Press Release
February 11, 2025
Contact: Sam Stockwell
samuel_stockwell@gse.harvard.edu
617.495.0342
D.C. Ranked 32nd Among States in Math Recovery and 5th in Reading Between 2019 and 2024
Between 2022-2024, students made up an average of half a grade level in math and a quarter of a grade level in reading.
Chronic absenteeism has risen sharply in D.C., from 30% of students in 2019 to 48% in 2023, significantly slowing recovery.
(February 11, 2025) In its third year of reporting on the pace of academic recovery measures in districts nationwide, the Education Recovery Scorecard (a collaboration between the Center for Education Policy Research at Harvard University and The Educational Opportunity Project at Stanford University) is issuing its annual report on district-level student growth in math and reading.
The latest report also provides the first high resolution picture of where D.C. students’ academic recovery stood in Spring 2024, just before federal relief dollars expired in September. While the National Assessment of Educational Progress described changes in average achievement by state, we combine those scores with district scores on state assessments to describe the change in local communities throughout the District of Columbia. Here’s what we found:
- The District of Columbia ranked 1st among states in terms of recovery in math between 2022-2024 and 1st in reading between 2022 and 2024, reflecting rapid growth considering the district’s ranking of 32nd in math recovery in the full period between 2019-2024 and 5th in reading recovery in the full period between 2019-2024.
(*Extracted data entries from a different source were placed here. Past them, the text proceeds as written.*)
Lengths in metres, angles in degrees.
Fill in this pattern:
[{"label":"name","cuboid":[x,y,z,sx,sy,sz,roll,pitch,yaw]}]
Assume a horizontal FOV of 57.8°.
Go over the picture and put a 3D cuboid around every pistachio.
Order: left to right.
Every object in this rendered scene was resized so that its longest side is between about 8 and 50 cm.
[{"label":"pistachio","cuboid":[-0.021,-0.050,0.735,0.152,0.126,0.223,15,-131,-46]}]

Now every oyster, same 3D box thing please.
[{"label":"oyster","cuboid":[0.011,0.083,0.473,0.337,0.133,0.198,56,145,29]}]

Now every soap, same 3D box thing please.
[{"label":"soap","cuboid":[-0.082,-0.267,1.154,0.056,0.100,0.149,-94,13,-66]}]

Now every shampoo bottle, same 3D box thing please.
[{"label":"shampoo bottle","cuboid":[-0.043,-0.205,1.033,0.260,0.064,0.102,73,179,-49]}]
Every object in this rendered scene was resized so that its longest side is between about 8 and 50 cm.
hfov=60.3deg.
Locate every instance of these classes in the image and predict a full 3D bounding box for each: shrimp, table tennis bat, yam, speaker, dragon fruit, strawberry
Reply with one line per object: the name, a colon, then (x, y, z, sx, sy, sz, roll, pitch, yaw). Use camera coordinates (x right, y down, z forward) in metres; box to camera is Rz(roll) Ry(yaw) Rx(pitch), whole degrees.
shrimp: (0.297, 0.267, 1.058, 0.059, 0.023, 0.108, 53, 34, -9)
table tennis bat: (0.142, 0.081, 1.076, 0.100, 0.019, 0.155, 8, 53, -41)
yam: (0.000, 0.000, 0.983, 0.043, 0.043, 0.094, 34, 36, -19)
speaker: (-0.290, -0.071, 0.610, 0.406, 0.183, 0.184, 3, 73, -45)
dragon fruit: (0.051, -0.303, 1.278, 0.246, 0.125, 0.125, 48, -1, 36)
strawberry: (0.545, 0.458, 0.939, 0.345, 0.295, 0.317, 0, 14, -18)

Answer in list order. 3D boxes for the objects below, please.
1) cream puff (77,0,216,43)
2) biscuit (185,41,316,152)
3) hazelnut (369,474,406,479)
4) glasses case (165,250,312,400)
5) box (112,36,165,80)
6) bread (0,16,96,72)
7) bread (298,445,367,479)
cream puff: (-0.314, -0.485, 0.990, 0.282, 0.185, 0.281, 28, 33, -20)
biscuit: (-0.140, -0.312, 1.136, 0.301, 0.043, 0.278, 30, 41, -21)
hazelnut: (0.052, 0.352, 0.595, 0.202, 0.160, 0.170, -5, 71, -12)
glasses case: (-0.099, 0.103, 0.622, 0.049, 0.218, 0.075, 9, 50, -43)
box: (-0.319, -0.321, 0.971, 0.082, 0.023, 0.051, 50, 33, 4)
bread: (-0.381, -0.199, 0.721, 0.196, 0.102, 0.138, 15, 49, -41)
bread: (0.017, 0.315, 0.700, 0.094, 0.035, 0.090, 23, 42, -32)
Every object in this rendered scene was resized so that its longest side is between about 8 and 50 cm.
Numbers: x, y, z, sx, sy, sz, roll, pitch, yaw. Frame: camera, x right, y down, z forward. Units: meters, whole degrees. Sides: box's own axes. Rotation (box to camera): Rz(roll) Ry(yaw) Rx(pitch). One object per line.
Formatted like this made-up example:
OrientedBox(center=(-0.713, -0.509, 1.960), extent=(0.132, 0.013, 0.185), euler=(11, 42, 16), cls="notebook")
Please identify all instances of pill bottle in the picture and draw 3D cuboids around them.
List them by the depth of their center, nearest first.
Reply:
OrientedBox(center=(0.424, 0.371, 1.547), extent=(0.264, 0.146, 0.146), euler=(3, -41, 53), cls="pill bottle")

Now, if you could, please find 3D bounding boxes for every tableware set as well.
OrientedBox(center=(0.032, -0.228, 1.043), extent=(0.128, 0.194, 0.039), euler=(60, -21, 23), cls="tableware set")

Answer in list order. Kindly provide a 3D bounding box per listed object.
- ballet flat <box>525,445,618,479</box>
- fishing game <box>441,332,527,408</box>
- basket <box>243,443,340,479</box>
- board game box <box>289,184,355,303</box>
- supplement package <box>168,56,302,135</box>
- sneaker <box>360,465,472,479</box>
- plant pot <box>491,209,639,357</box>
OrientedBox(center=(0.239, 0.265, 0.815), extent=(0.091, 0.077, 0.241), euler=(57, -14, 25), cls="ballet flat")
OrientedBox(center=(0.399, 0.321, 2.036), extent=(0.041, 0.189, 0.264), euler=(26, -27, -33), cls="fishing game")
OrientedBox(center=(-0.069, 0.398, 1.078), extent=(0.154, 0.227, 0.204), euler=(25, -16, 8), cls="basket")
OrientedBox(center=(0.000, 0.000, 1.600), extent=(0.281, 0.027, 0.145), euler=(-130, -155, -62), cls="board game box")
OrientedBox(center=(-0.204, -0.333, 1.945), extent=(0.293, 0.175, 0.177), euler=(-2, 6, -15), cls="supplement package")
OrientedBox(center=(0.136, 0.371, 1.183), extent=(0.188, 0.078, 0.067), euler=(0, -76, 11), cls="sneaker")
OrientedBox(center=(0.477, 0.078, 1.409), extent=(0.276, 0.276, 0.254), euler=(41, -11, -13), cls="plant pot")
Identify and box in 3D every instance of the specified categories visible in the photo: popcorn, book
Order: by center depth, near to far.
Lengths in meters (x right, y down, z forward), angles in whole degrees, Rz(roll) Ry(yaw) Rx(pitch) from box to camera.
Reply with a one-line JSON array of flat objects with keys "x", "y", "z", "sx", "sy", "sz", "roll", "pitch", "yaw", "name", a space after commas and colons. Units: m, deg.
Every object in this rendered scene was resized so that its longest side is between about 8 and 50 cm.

- Between 2022-2024, students made up an average of half a grade level in math (.55 grade equivalents) and a quarter of a grade level in reading (.25 grade equivalents). Yet despite this recovery, students remain an average of half a grade level behind in math (.52 grade equivalents) and a quarter of a grade level (.24 grade equivalents) behind in reading. In other words, the loss in math achievement in D.C. is greater than 50 percent of the progress students typically make annually between grades 4 through grade 8.
- A sharp rise in chronic absenteeism (students missing more than 10 percent of a school year) from 30 percent of students in 2019 before the pandemic to 48 percent in 2023 is slowing the recovery in D.C. In 2024, chronic absenteeism remained stubbornly high at 44 percent.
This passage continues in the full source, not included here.